_TASK_.
Only lines holding the word "like" are wanted. Copy them from the listing below.

_DATA FOR REVIEW_.
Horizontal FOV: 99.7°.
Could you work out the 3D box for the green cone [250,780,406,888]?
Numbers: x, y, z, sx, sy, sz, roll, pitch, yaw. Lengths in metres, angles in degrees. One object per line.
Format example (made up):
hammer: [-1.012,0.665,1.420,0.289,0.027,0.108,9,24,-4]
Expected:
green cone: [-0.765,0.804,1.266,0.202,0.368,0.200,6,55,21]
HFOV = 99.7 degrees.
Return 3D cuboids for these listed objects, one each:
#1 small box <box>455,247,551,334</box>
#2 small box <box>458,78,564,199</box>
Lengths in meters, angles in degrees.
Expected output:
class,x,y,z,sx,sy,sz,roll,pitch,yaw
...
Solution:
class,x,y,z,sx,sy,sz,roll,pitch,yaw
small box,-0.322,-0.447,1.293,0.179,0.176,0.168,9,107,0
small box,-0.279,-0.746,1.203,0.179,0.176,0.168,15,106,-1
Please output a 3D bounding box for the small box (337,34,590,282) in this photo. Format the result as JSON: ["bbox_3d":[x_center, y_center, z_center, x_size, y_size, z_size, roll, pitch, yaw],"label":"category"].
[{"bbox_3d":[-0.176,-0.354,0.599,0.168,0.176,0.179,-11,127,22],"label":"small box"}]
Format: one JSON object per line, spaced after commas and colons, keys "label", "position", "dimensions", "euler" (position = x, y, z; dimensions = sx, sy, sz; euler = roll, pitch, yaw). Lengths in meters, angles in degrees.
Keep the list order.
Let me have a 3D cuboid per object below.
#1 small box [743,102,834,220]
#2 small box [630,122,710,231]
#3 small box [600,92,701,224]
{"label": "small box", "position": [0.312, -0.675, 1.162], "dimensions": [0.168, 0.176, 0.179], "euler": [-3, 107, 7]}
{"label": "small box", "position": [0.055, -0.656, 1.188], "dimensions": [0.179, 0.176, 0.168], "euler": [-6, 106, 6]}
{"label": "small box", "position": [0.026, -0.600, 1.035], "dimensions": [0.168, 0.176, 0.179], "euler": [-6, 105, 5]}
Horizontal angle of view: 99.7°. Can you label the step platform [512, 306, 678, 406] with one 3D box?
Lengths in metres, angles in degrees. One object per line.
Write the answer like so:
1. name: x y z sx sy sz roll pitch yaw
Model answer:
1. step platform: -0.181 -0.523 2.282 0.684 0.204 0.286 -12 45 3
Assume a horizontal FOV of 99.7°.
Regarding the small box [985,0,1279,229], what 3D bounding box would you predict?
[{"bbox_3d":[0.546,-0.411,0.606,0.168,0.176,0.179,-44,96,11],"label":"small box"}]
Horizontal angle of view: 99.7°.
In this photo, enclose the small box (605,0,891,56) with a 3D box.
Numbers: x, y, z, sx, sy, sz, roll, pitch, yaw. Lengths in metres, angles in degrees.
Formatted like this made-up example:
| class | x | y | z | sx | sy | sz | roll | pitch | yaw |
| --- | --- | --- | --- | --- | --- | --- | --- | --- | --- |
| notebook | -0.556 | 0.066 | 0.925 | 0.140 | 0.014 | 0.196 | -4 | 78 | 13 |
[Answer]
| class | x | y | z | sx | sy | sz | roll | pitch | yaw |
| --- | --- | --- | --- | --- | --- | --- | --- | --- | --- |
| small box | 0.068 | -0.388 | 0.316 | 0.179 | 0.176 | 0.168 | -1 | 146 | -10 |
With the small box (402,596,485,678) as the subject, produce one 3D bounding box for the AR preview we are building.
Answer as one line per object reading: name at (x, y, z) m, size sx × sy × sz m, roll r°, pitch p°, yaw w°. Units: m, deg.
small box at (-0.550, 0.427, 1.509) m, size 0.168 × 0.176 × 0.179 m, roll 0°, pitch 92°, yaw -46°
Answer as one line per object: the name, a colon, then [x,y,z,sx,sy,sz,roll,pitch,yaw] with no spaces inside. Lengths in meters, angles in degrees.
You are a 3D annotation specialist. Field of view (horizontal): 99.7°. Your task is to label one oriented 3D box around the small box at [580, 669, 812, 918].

_REPLY_.
Write the answer like so:
Formatted like this made-up example:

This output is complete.